Kto słyszał o ich Rozstaniu? Czy to tylko plotki?
Cześć dyskusji.
Jeżeli to prawda a mam nadzieję że tak (Marianów życzę jak najlepiej żeby nie było) to za długo to ta ich miłość nie trwała ;) ile oni ze sobą byli z miesiąc!? chyba dłużej nie
Wchodzę na forum a tu już tyle informacji :P Czyli ślub już trwa :) ok to jak będziecie coś nowego wiedzieć to piszcie :P
Jeśli Camila faktycznie jest za granicą no to może w ramach swojej pracy i dlatego na ślub z Mariano nie mogła przyjść ;) choć dla mnie opcja ze nie są juz razem to nie ukrywam mi pasuje najbardziej ;)

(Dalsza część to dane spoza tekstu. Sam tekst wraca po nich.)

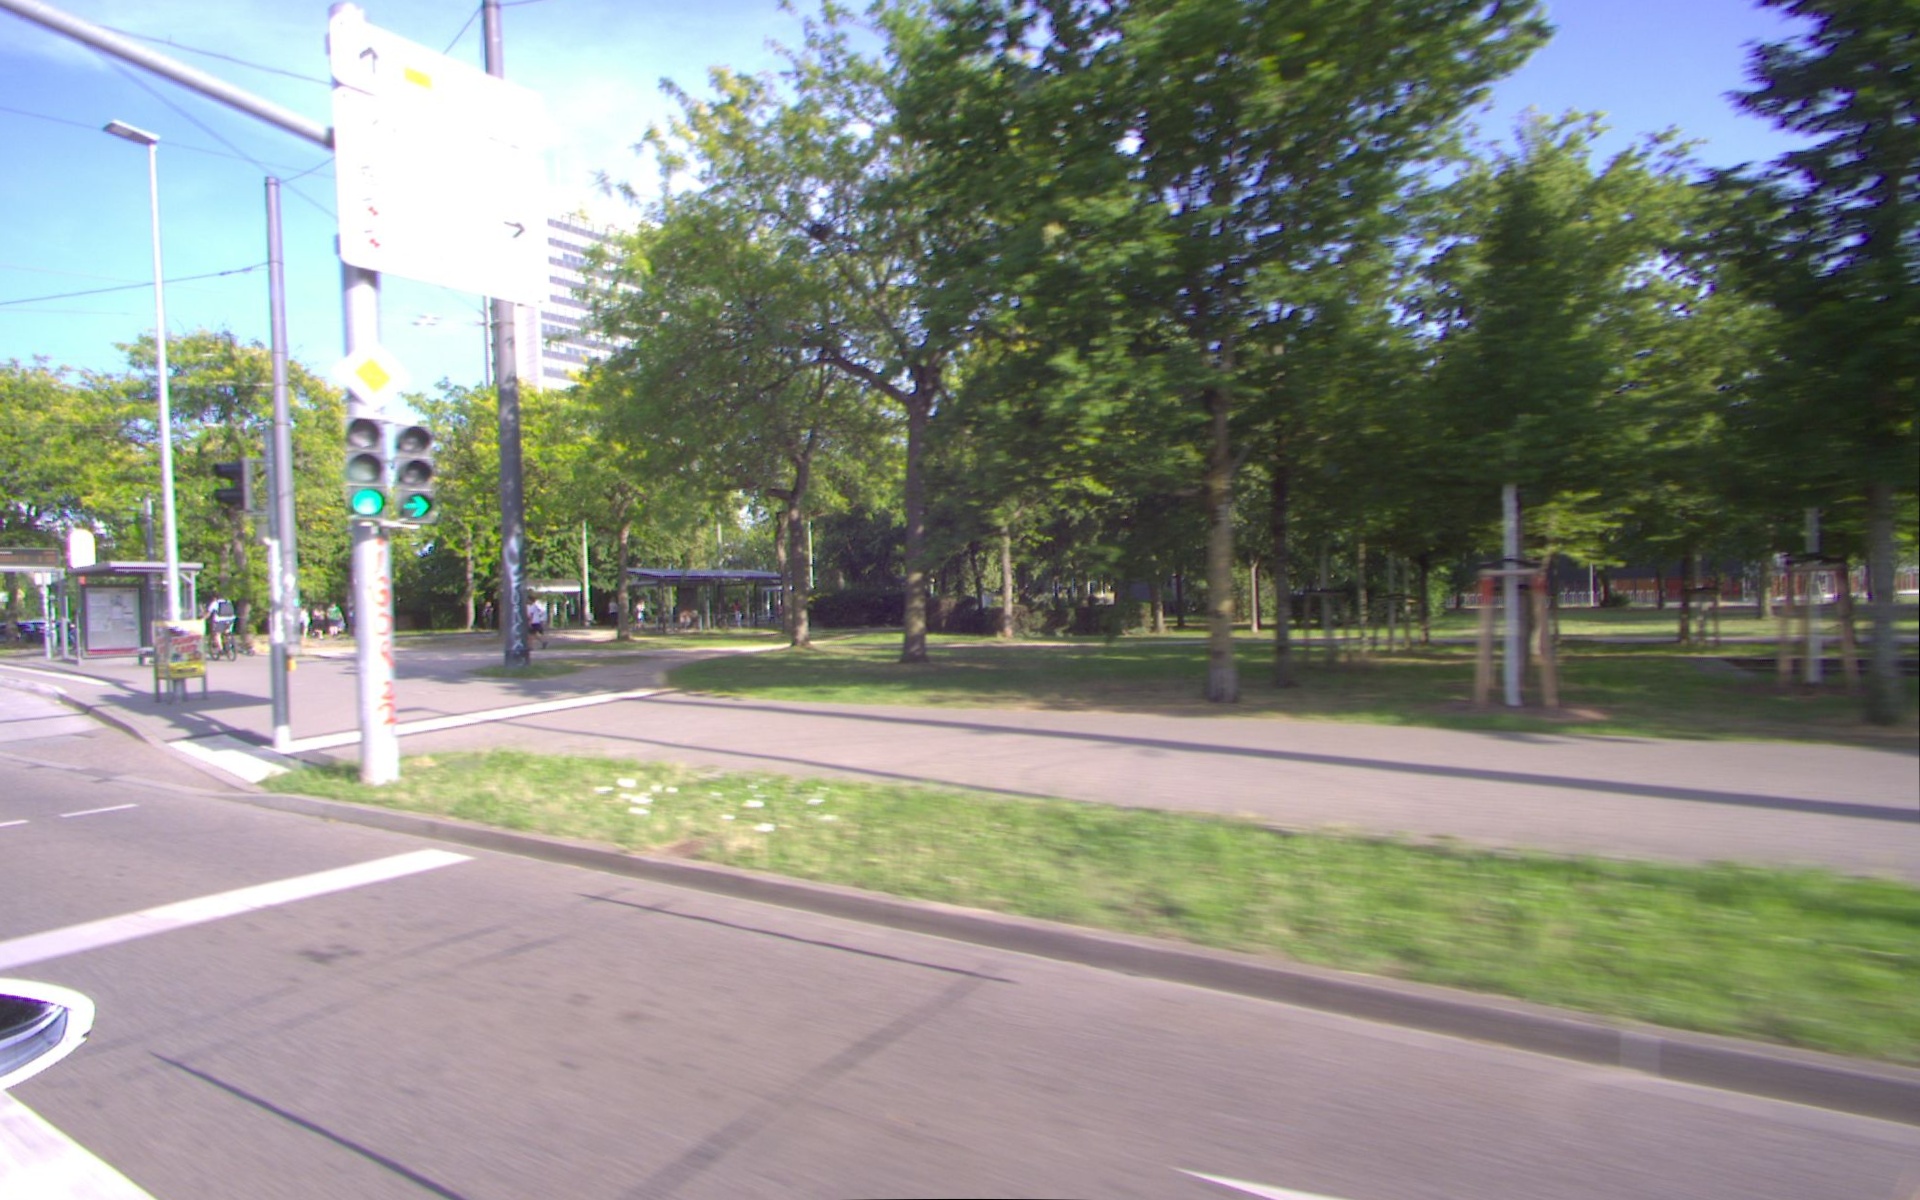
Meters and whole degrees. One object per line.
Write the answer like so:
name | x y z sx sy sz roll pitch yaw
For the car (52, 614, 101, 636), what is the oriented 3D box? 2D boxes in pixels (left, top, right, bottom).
car | -66.134 1.845 75.024 1.832 1.536 3.980 -3 1 -29

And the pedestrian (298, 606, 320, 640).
pedestrian | -31.992 1.137 49.219 0.681 1.632 0.639 -1 1 32

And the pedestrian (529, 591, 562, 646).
pedestrian | -14.554 0.654 35.164 0.863 1.921 0.673 0 -1 5

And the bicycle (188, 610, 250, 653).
bicycle | -20.204 0.857 27.291 1.912 1.103 0.639 -1 3 32

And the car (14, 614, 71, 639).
car | -61.283 1.738 66.934 1.832 1.536 3.980 -3 1 -29

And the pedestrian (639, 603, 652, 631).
pedestrian | -21.135 1.157 67.277 0.667 1.823 0.605 1 -2 -44

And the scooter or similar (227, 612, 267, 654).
scooter or similar | -21.679 1.001 30.439 1.115 1.248 0.351 -1 1 18

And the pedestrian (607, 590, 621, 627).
pedestrian | -18.216 0.461 52.711 0.594 1.891 0.462 -1 -2 6

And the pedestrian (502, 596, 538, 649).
pedestrian | -15.024 0.782 34.189 0.863 1.799 0.673 0 -1 13

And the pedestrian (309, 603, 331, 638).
pedestrian | -31.252 0.984 48.903 0.681 1.687 0.639 -1 1 32

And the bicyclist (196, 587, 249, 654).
bicyclist | -19.963 0.557 27.110 1.123 1.770 0.647 -1 4 31

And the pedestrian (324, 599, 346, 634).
pedestrian | -30.397 0.817 48.681 0.681 1.687 0.639 -1 1 32

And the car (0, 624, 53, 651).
car | -57.866 2.301 61.736 1.831 1.536 3.982 -3 1 -28
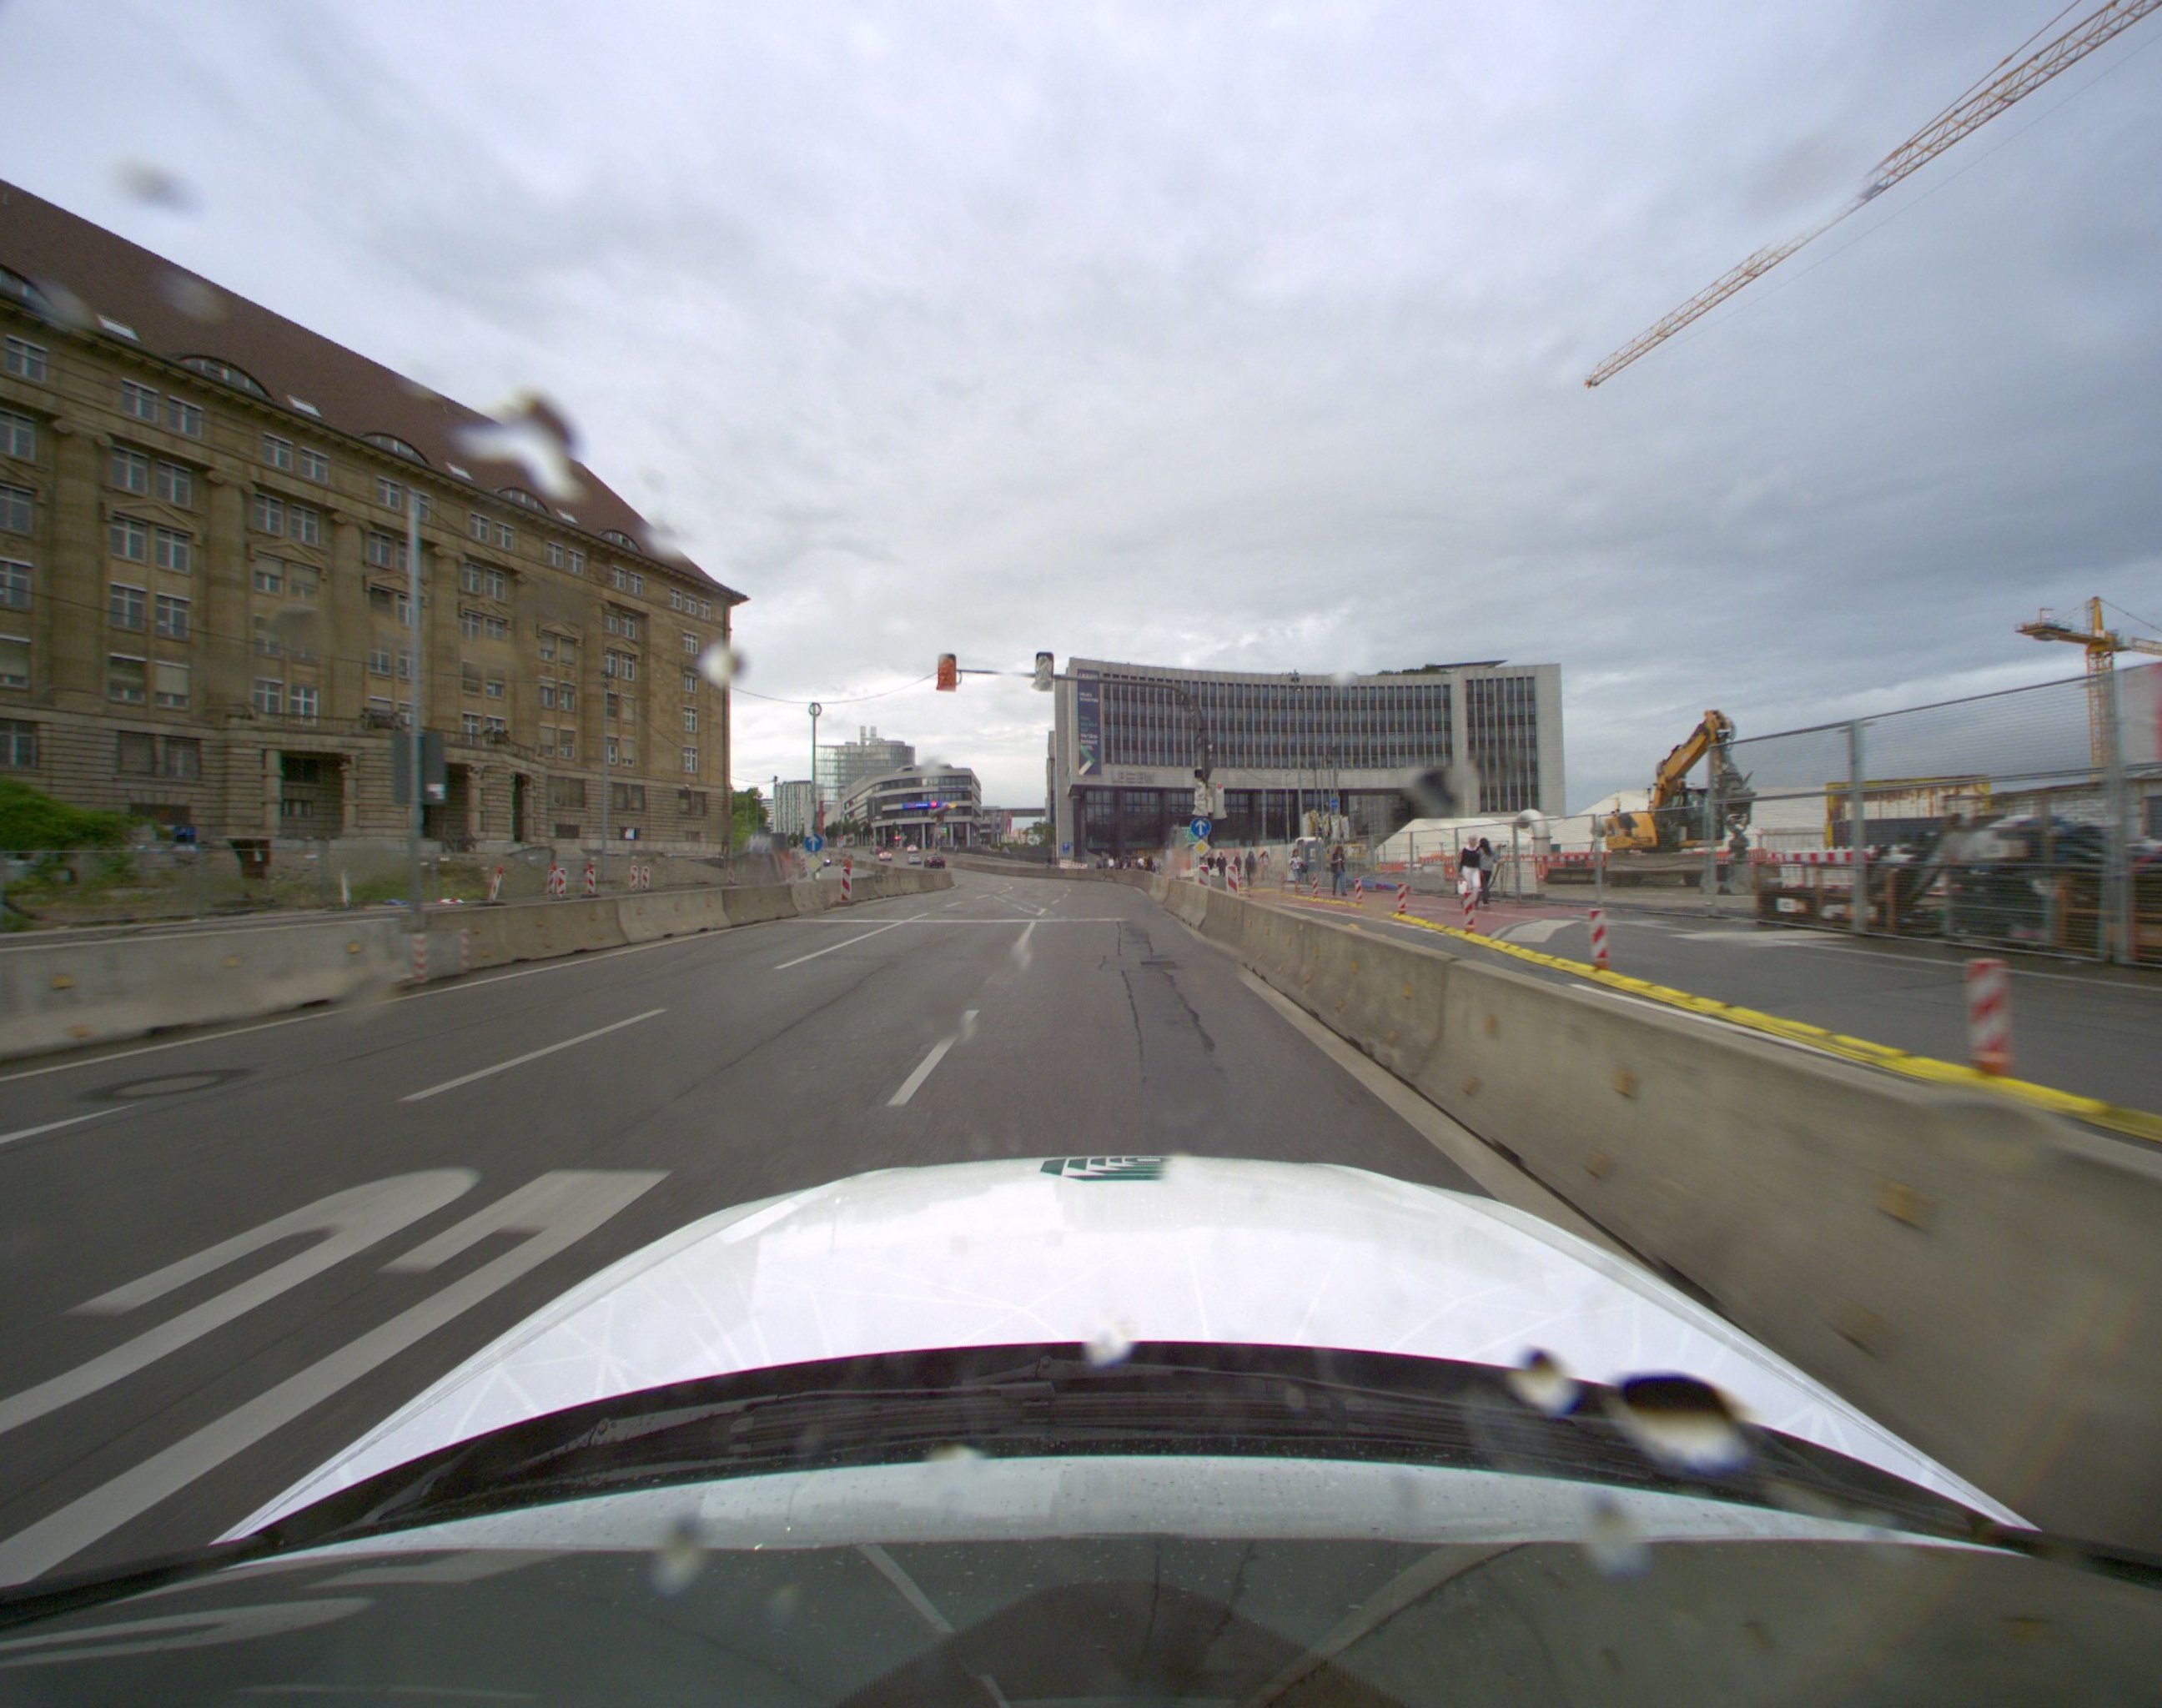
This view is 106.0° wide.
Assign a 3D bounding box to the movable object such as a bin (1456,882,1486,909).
[{"bbox_3d":[9.290,0.978,19.425,0.432,0.624,0.534,0,-1,-4],"label":"movable object such as a bin"}]

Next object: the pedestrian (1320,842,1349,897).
[{"bbox_3d":[8.686,0.519,27.909,0.688,1.862,0.810,0,-1,-4],"label":"pedestrian"}]

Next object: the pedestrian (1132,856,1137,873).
[{"bbox_3d":[5.508,1.086,84.266,0.445,1.705,0.648,0,0,9],"label":"pedestrian"}]

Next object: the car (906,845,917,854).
[{"bbox_3d":[-32.768,-0.866,157.379,1.996,1.804,4.245,0,0,-14],"label":"car"}]

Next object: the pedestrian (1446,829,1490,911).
[{"bbox_3d":[8.957,0.357,18.881,0.663,1.862,0.682,0,-1,-4],"label":"pedestrian"}]

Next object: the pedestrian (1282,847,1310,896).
[{"bbox_3d":[8.298,0.663,31.442,0.777,1.862,0.948,0,-1,-4],"label":"pedestrian"}]

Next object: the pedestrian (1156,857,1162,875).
[{"bbox_3d":[7.697,1.178,80.208,0.447,1.705,0.646,0,0,-1],"label":"pedestrian"}]

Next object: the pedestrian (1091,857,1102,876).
[{"bbox_3d":[1.346,1.055,69.799,0.751,1.642,0.820,0,-1,-12],"label":"pedestrian"}]

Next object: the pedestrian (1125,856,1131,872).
[{"bbox_3d":[4.901,1.046,84.948,0.447,1.705,0.645,0,0,-6],"label":"pedestrian"}]

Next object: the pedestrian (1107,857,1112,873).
[{"bbox_3d":[3.003,1.122,84.611,0.447,1.705,0.646,0,0,-5],"label":"pedestrian"}]

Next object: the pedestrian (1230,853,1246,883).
[{"bbox_3d":[10.025,0.880,51.949,0.777,1.862,0.810,-2,-1,-4],"label":"pedestrian"}]

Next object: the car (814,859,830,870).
[{"bbox_3d":[-33.984,1.390,106.881,1.609,1.352,3.722,1,-3,-25],"label":"car"}]

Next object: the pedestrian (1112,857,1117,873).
[{"bbox_3d":[3.492,1.153,84.653,0.447,1.705,0.646,0,0,-5],"label":"pedestrian"}]

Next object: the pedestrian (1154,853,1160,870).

No w sumie jest to troche dziwne, że jej nie zabrał, tym bardziej, że była z nim nawet na tym evencie gdzie jego była żona prezentowała swoją marke ubrań, a tu już jej z nim nie ma.
Po jej insta story widać, że jest ze swoimi kotami chyba u siebie w mieszkaniu także chyba czas ma :D
Lali podobno była widziana na lotnisku, ale nie wiadomo gdzie leci.
Mariano przyleciał do Salta więc ona może też.
Nie, że tym samym lotem tylko, że może ona też wybrała samolot, żeby zaoszczędzić czas. Jak nie będzie na ślubie to pewnie poleciała do Włoszech.
A wtedy będzie dupa za przeproszeniem... ;( Tylko w sumie teraz pytanie po co by przylatywała do Argentyny jak nie po to by na ślub pójść? ;/ Oczywiście mogła mieć wiele innych powodów ale dla nas to bedzie zawód jesli nie na ślub
O tym ze nie sa razem powiedzial jakis znajomy Mariano podobno... Oby to byla prawda :)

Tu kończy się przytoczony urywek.